The "polyvinyl alcohol (POLYVINYL ALCOHOL, PVA)" described in this article is a water-soluble polymer with good film-forming properties. The formed film has excellent adhesion, solvent resistance, abrasion resistance, tensile strength and Oxygen Barrier. Polyvinyl alcohol has both hydrophilic and hydrophobic functional groups, as shown in the molecular structure of the following formula (I).

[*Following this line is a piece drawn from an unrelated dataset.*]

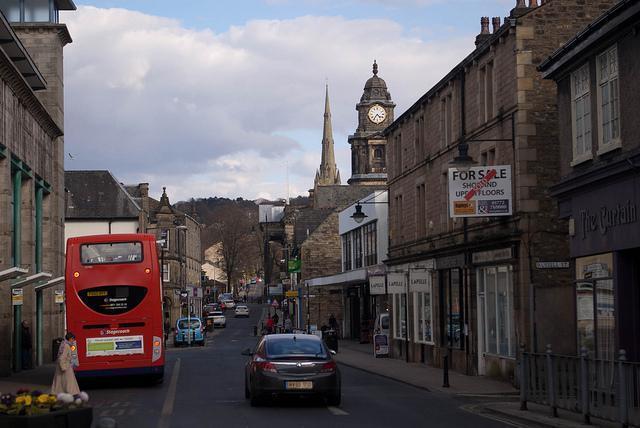How many clock faces are visible?
Give a very brief answer. 1. How many dogs are standing in boat?
Give a very brief answer. 0.

Therefore, polyvinyl alcohol has the property of interface activity, and can also be used as a protective colloid for polymer emulsification and suspension polymerization. .

式(I)中， O示意表示親水基結構，C示意表示疏水基結構； n表示親水基結構莫耳數，m表示疏水基結構莫耳數。

In formula (I), O represents a hydrophilic group structure, C represents a hydrophobic group structure; n represents the molar number of the hydrophilic group structure, and m represents the molar number of the hydrophobic group structure.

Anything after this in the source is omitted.